WORK TASK >> Only one stretch of the records below should be repeated. It starts with the line containing "Answer yes or no. No. Does Teal" and goes on through the line containing "Answer yes or no. Yes. Does Teal have the highest", exactly as written.

SOURCE DATA >>
+++

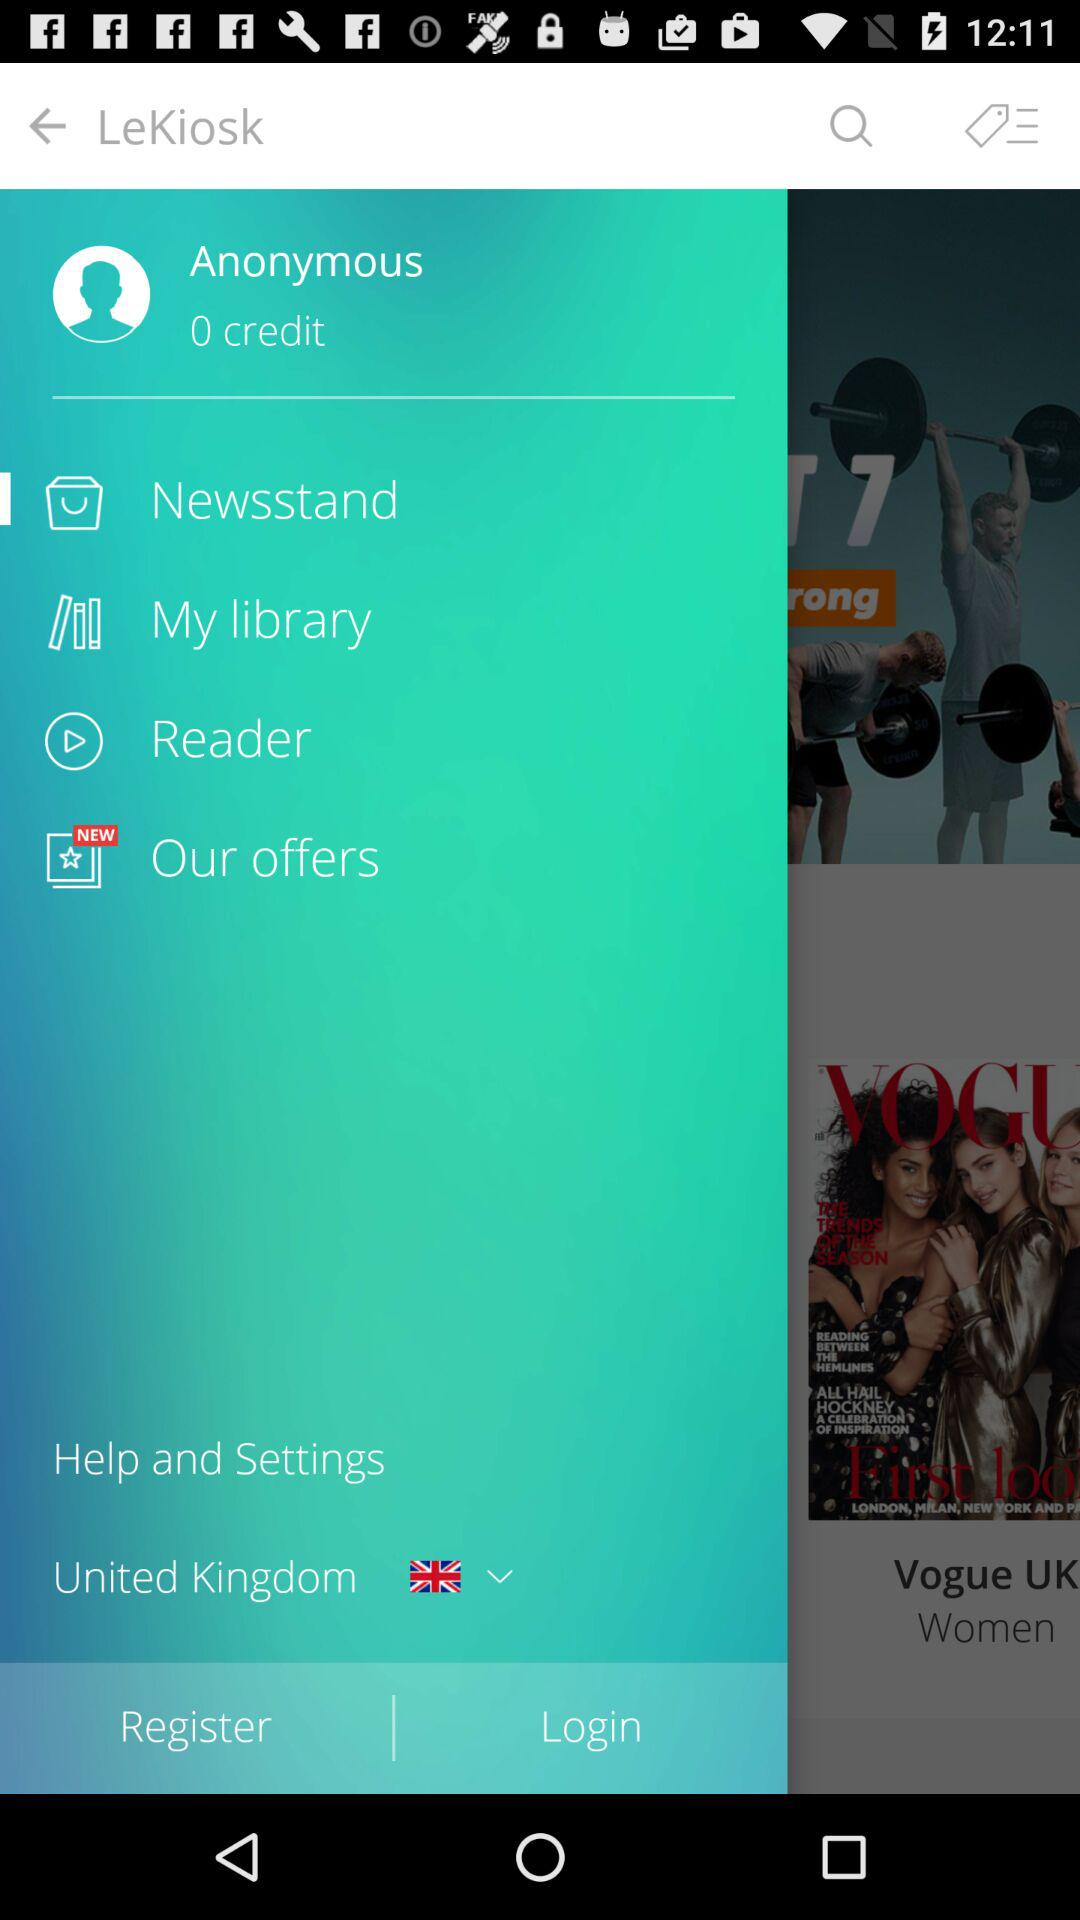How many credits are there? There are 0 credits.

+++

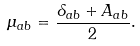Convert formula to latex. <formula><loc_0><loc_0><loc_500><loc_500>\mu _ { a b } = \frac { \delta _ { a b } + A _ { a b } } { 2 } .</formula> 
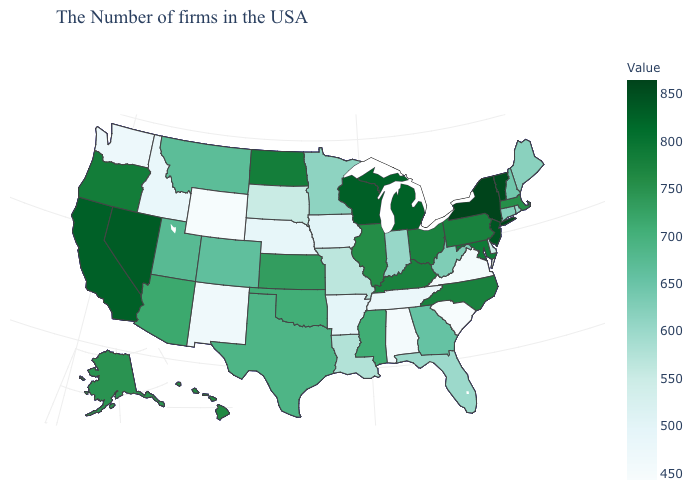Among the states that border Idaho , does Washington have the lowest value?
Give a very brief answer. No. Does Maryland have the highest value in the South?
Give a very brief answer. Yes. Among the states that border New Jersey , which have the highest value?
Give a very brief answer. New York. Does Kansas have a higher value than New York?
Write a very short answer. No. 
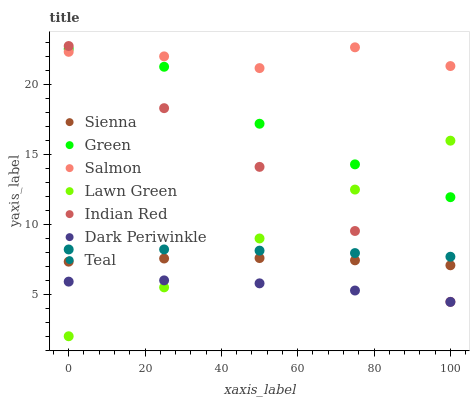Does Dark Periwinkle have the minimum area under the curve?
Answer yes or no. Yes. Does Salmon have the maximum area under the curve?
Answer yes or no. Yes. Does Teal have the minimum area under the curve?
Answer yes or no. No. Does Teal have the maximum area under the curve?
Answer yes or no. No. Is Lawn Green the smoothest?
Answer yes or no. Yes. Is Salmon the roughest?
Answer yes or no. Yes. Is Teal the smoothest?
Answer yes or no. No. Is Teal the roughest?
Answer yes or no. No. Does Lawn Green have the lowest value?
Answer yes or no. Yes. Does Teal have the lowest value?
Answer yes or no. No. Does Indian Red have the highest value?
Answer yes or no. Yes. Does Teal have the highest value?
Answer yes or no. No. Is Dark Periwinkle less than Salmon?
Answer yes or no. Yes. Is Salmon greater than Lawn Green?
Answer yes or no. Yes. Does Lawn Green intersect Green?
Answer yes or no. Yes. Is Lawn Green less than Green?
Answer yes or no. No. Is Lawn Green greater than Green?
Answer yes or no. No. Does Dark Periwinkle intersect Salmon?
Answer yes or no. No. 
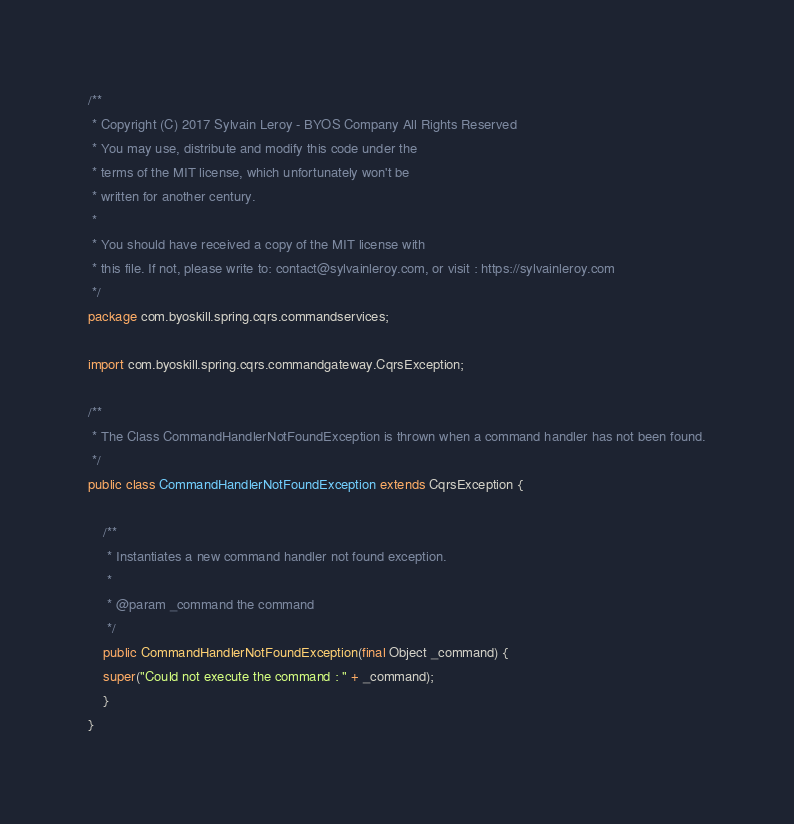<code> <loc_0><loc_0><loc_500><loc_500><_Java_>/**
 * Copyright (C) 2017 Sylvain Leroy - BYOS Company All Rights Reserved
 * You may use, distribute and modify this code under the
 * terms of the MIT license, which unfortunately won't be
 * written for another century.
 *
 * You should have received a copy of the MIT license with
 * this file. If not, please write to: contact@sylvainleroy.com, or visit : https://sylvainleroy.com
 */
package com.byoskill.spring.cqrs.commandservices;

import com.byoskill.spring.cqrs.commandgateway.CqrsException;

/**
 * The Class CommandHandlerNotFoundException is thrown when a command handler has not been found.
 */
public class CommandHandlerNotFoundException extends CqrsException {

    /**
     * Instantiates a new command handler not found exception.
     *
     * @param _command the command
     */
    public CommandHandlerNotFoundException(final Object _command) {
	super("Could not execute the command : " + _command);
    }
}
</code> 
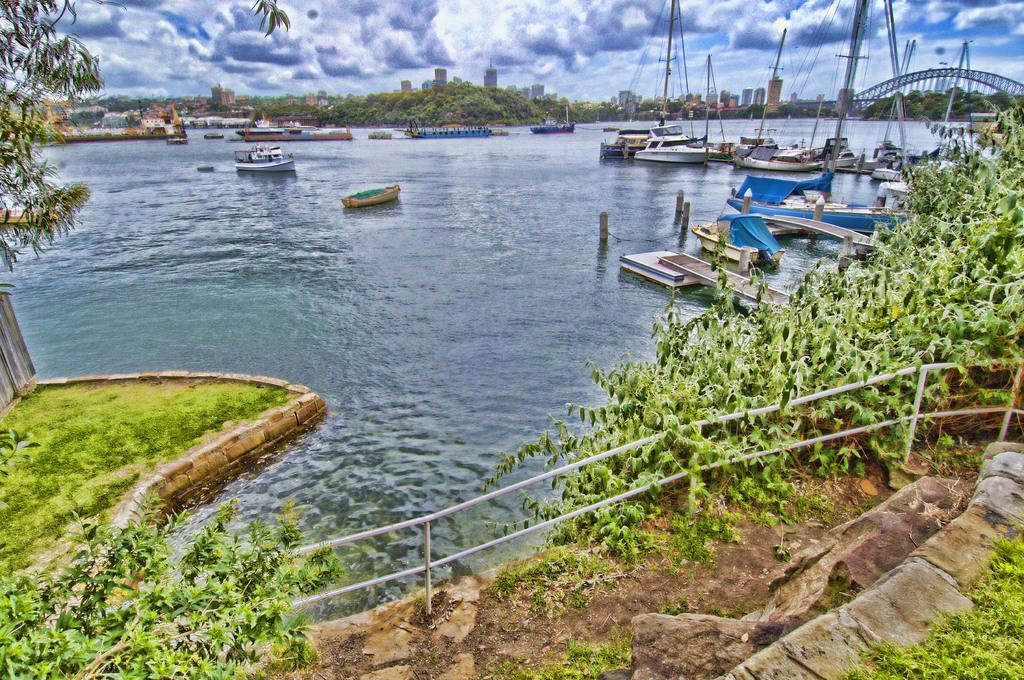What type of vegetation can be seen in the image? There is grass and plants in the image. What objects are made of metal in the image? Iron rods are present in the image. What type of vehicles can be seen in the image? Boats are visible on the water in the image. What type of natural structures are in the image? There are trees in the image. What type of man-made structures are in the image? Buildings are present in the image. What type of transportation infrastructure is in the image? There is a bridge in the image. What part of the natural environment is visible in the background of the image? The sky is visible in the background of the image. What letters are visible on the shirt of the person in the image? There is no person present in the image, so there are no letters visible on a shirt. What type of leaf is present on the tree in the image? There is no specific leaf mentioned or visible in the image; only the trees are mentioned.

+++

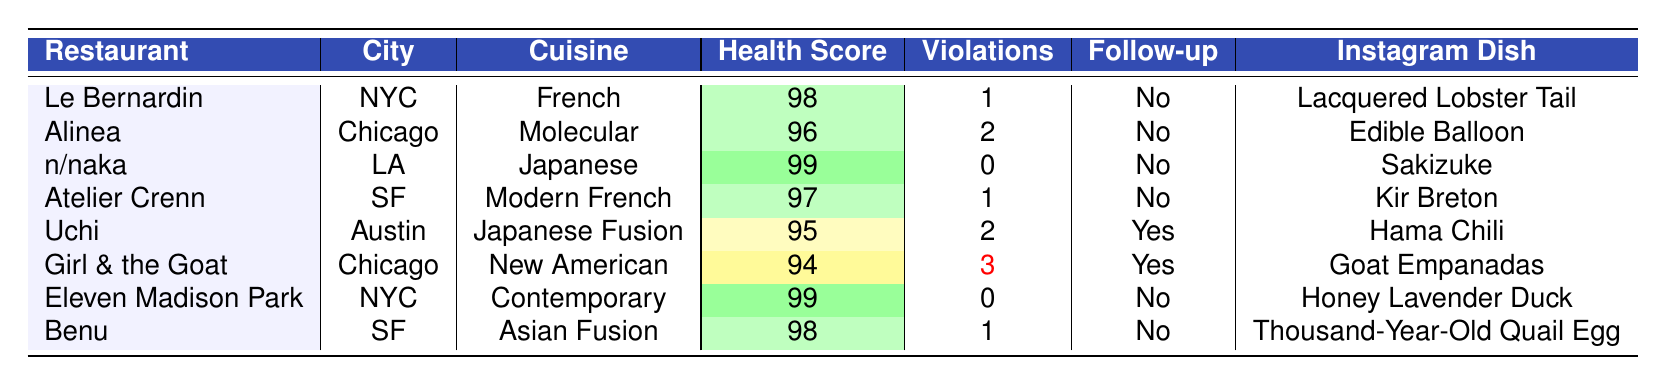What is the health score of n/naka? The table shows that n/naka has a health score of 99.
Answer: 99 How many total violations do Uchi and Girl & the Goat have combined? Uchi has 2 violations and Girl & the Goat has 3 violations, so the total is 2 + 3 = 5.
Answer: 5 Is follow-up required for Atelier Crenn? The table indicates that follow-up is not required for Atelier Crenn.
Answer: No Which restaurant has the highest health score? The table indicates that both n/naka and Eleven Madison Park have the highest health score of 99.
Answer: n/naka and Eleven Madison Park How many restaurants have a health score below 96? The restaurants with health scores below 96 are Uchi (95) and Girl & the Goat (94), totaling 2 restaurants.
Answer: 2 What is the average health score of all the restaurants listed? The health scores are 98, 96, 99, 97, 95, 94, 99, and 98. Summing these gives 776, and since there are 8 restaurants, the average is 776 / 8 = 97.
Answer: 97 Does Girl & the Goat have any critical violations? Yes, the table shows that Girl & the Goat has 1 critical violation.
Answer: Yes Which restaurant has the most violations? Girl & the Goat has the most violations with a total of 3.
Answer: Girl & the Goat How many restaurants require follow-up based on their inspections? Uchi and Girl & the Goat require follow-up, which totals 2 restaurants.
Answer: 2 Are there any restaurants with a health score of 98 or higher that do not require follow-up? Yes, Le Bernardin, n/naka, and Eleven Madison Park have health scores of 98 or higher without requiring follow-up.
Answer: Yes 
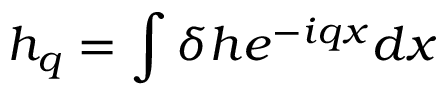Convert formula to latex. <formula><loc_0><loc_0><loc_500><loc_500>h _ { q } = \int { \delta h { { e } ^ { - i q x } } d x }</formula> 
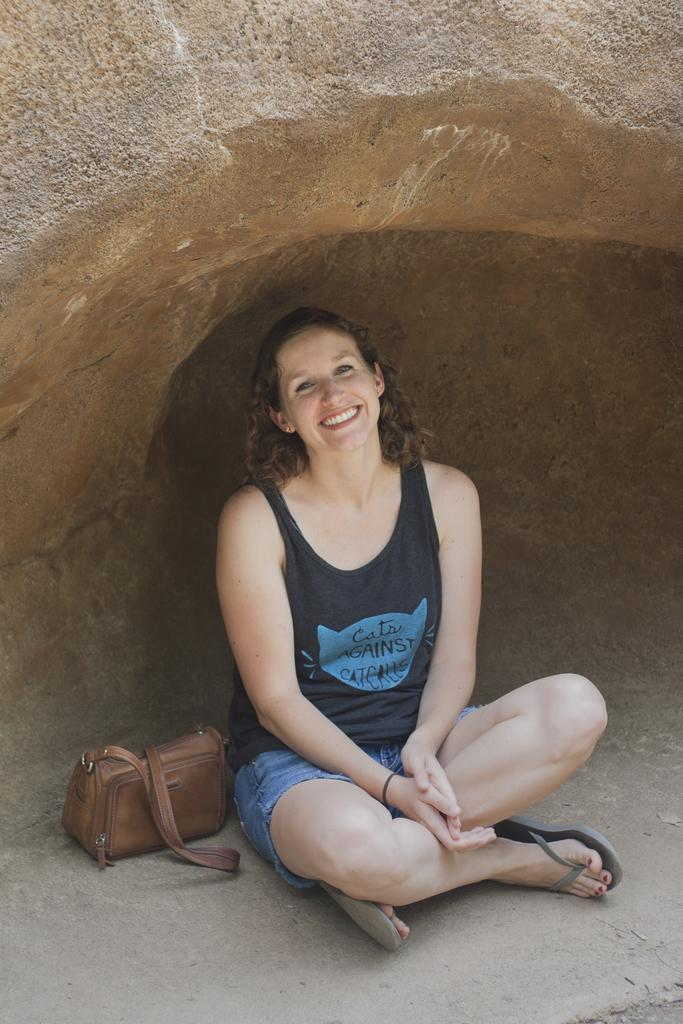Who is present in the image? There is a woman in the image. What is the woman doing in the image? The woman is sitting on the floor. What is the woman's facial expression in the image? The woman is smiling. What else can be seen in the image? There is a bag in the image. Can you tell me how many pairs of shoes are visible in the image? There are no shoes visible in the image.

+++

RESULT OF THIS TASK >>
Answer yes or no. No. Does Teal have the maximum area under the curve?
Answer yes or no. No. Is Lawn Green the smoothest?
Answer yes or no. Yes. Is Salmon the roughest?
Answer yes or no. Yes. Is Teal the smoothest?
Answer yes or no. No. Is Teal the roughest?
Answer yes or no. No. Does Lawn Green have the lowest value?
Answer yes or no. Yes. Does Teal have the lowest value?
Answer yes or no. No. Does Indian Red have the highest value?
Answer yes or no. Yes. Does Teal have the highest value?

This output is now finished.